All UK government departments produced open data strategies in June 2012, to accompany a Cabinet Office white paper on open data. The Cabinet Office is responsible for government-wide transparency and open data. The Cabinet Office and DFID also convene an ‘IATI Practitioners Group’ for Departments to share best practice and have committed to advise other government departments that have not published an IATI implementation schedule yet as part of their work to encourage other government departments to publish to IATI.

The UK is a founder member of the Open Government Partnership and is in the process of implementing its second National Action Plan for 2013–2015, which was published in October 2013, and developed in partnership with civil society organisations. The UK has also endorsed the Open Aid Partnership.

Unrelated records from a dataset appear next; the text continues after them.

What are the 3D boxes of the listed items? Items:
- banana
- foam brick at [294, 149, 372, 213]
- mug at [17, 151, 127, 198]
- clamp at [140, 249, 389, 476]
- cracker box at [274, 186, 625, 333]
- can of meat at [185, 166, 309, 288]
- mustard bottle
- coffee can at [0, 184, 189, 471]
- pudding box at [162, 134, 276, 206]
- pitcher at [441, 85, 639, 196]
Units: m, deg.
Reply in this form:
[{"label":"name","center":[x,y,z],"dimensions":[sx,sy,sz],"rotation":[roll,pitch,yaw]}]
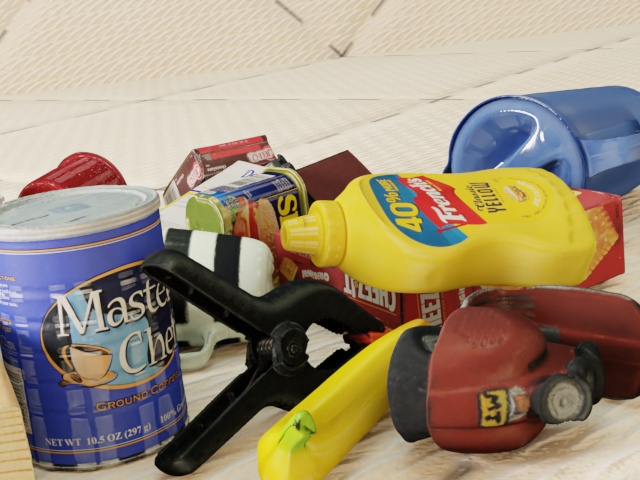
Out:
[{"label":"banana","center":[0.012,0.091,0.563],"dimensions":[0.070,0.037,0.197],"rotation":[-40,-5,23]},{"label":"foam brick","center":[0.005,-0.033,0.892],"dimensions":[0.078,0.053,0.051],"rotation":[-25,64,-43]},{"label":"mug","center":[-0.241,-0.027,1.072],"dimensions":[0.117,0.093,0.081],"rotation":[34,29,6]},{"label":"clamp","center":[-0.032,0.054,0.614],"dimensions":[0.171,0.120,0.039],"rotation":[-14,10,-42]},{"label":"cracker box","center":[0.097,0.008,0.811],"dimensions":[0.213,0.072,0.164],"rotation":[-16,18,-31]},{"label":"can of meat","center":[-0.056,0.001,0.842],"dimensions":[0.083,0.102,0.058],"rotation":[-20,20,-38]},{"label":"mustard bottle","center":[0.069,-0.007,0.673],"dimensions":[0.191,0.058,0.096],"rotation":[-3,39,-18]},{"label":"coffee can","center":[-0.135,0.047,0.619],"dimensions":[0.103,0.140,0.103],"rotation":[-5,15,1]},{"label":"pudding box","center":[-0.109,-0.065,1.133],"dimensions":[0.089,0.039,0.114],"rotation":[-14,-15,-32]},{"label":"pitcher","center":[0.242,-0.082,0.996],"dimensions":[0.149,0.145,0.242],"rotation":[39,33,24]}]
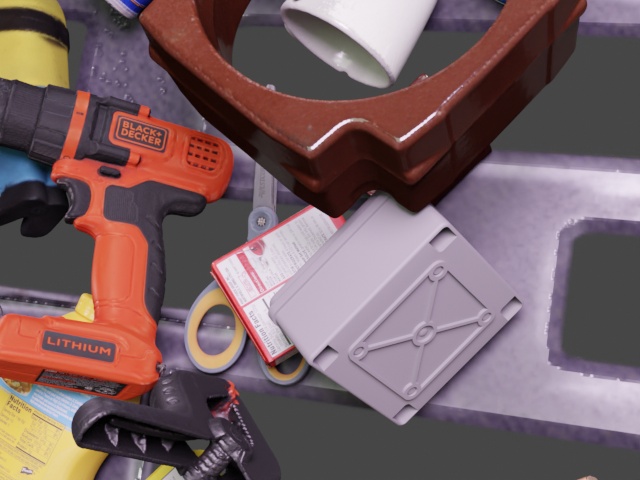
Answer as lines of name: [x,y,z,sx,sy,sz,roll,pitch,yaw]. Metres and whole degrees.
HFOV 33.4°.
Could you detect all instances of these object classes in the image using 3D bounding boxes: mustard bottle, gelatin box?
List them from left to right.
mustard bottle: [-0.171,0.110,0.697,0.096,0.058,0.191,25,87,23]
gelatin box: [-0.013,0.026,0.665,0.089,0.030,0.073,-31,76,-7]

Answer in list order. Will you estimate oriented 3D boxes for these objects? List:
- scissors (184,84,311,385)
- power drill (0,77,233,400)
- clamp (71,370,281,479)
scissors: [-0.055,0.001,0.704,0.096,0.016,0.202,-16,74,9]
power drill: [-0.152,-0.005,0.658,0.184,0.057,0.187,14,67,-16]
clamp: [-0.052,0.128,0.590,0.036,0.210,0.164,-44,92,4]

As in 2013, the 2014 results show the three UK departments at very different stages of transparency. DFID ranks second and remains a leader in aid transparency and in its overall approach to open data for development. The FCO is ranked 35th and is in the fair category. It has made the political and technical commitment to greater aid transparency, but is still in the process of implementing fundamental changes to its publishing approach meaning that progress since 2013 has been limited. MOD, ranked 60th and in the very poor category, remains unresponsive to calls for greater aid transparency.

RECOMMENDATIONS

  • As the department responsible for promoting the release of government data, the Cabinet Office should keep working with aid-spending departments to develop individual timelines and commitments to greater transparency, including publication to IATI.
  • The UK should actively use its IATI data in its programming and coordination processes and promote the access and use of this information by others.
  • It should update its OGP National Action Plan to include more ambitious commitments on aid transparency.
  • All implementing partners of UK aid, including private contractors, should be required to publish to IATI by 2015.